Different Perspectives
Australian Department of Defence (AUKUS AI for Acoustics partner)
Australian Department of Defence (AUKUS AI for Acoustics partner)
Rowden Technologies holds active AUKUS AI for Acoustics contracts with the UK, US, and Australian defence establishments. The NWF's £25m investment in Rowden on 13 May brings UK sovereign capital directly into a trilateral programme, which from Canberra's perspective places additional UK government skin-in-the-game on a programme Australia co-funds and co-develops.
Sofinnova Partners (European VC co-investor in Cytospire Series A)
Sofinnova Partners (European VC co-investor in Cytospire Series A)
Sofinnova participated alongside the BBB in Cytospire's oversubscribed £61m Series A on 5 May, demonstrating that the BBB's expanded direct mandate is attracting established European specialist biotech funds rather than replacing them. European VCs see the BBB's cornerstone position as a signal reducing UK biotech execution risk rather than crowding out private capital.
Temasek (Singapore sovereign co-investor in Isomorphic Series B)
Temasek (Singapore sovereign co-investor in Isomorphic Series B)
Singapore's Temasek co-invested alongside the UK's SAIU in Isomorphic's $2.1bn round, treating the same Alphabet-majority company as an acceptable sovereign co-investment target. Temasek's participation normalises the structure: multiple sovereign wealth funds backed the same round, strengthening the precedent that UK-headquartered Alphabet subsidiaries qualify for state investment.
Alphabet / Google (majority Isomorphic shareholder, Mountain View)
Alphabet / Google (majority Isomorphic shareholder, Mountain View)
Alphabet co-invested via GV and CapitalG in the same Isomorphic Series B round that received UK sovereign backing, placing US corporate capital and UK public capital in the same syndicate without any governance asymmetry. SAIU's minority stake validates Isomorphic's strategic value without constraining Alphabet's control over IP, geography, or exit decisions.

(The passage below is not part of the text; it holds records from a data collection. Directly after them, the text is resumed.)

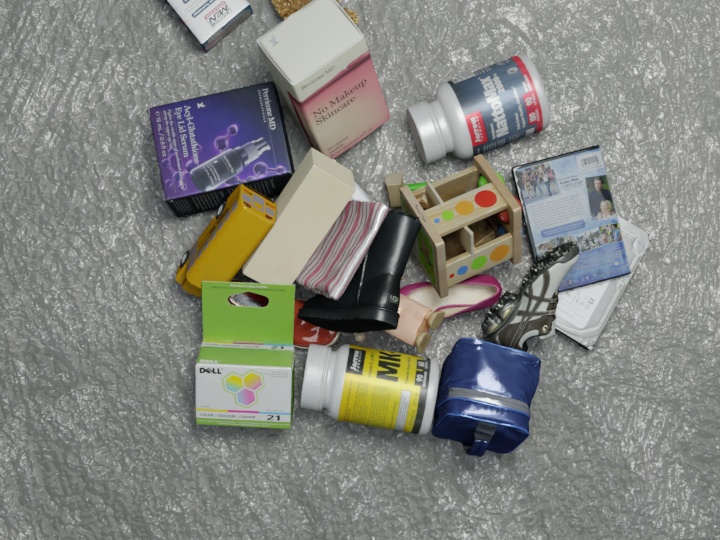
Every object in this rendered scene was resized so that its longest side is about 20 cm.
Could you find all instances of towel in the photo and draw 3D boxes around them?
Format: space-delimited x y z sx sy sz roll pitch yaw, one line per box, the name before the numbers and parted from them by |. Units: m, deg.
towel | -0.034 -0.036 1.567 0.030 0.200 0.148 29 86 -19

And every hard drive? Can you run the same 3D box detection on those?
hard drive | 0.343 0.001 1.699 0.138 0.038 0.202 31 86 0

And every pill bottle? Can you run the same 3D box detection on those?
pill bottle | 0.013 0.174 1.646 0.196 0.114 0.117 9 87 -1
pill bottle | 0.176 -0.237 1.665 0.197 0.120 0.122 -21 88 -2

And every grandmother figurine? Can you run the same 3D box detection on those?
grandmother figurine | 0.022 0.051 1.656 0.198 0.061 0.122 30 73 23

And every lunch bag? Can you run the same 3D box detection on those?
lunch bag | 0.177 0.198 1.612 0.133 0.201 0.134 14 69 2

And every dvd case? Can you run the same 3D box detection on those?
dvd case | 0.319 -0.076 1.674 0.140 0.018 0.204 -14 89 -1

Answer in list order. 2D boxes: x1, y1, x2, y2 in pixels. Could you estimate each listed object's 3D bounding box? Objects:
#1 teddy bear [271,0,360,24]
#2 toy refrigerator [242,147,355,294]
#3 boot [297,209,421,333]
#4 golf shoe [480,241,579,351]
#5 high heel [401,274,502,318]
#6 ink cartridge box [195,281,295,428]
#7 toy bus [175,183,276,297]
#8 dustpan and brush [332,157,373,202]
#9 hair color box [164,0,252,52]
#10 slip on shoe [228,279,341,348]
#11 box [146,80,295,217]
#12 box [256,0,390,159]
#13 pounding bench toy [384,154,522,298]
teddy bear | -0.074 -0.412 1.703 0.142 0.067 0.204 -3 81 -11
toy refrigerator | -0.092 -0.072 1.611 0.075 0.070 0.201 27 113 -20
boot | 0.000 0.000 1.596 0.076 0.198 0.171 26 70 -37
golf shoe | 0.270 0.044 1.633 0.094 0.078 0.200 42 121 3
high heel | 0.116 0.048 1.662 0.196 0.096 0.069 -7 88 -2
ink cartridge box | -0.170 0.124 1.624 0.145 0.076 0.203 3 116 -1
toy bus | -0.201 -0.034 1.625 0.064 0.079 0.200 28 121 -22
dustpan and brush | -0.074 -0.055 1.691 0.140 0.057 0.200 46 81 -9
hair color box | -0.265 -0.449 1.695 0.100 0.061 0.201 -38 88 -2
slip on shoe | -0.124 0.067 1.675 0.197 0.061 0.075 22 85 -1
box | -0.204 -0.181 1.654 0.196 0.104 0.151 -14 79 -1
box | -0.050 -0.277 1.609 0.127 0.201 0.109 -35 61 -5
pounding bench toy | 0.141 -0.095 1.648 0.154 0.125 0.201 -23 53 -10

DSIT / Liz Kendall, Secretary of State for Science
DSIT / Liz Kendall, Secretary of State for Science
DSIT framed the Isomorphic investment as backing a British-founded and headquartered company advancing UK AI capability, and described the nine-day sovereign deployment sprint as evidence the government's industrial strategy is operational. The department has not addressed the ownership question, the absence of eligibility criteria, or the pace-versus-doctrine tension in the BBB mandate.

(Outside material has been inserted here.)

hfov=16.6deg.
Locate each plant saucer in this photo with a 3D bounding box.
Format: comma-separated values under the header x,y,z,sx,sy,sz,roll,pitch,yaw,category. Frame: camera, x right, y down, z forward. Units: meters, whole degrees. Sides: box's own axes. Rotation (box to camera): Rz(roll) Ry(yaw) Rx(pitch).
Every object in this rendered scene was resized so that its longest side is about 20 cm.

Beauhurst / UK startup data analysts
Beauhurst / UK startup data analysts
Five sub-£50m rounds closed in nine days with zero VCT-backed angel networks on any cap table, confirming the post-cut investor map is forming fast in the £4m–£40m band. The gap is structural: 36.7% of university spinouts raised below £500,000 in 2025, a tier neither the SAIU nor the BBB direct mandate touches.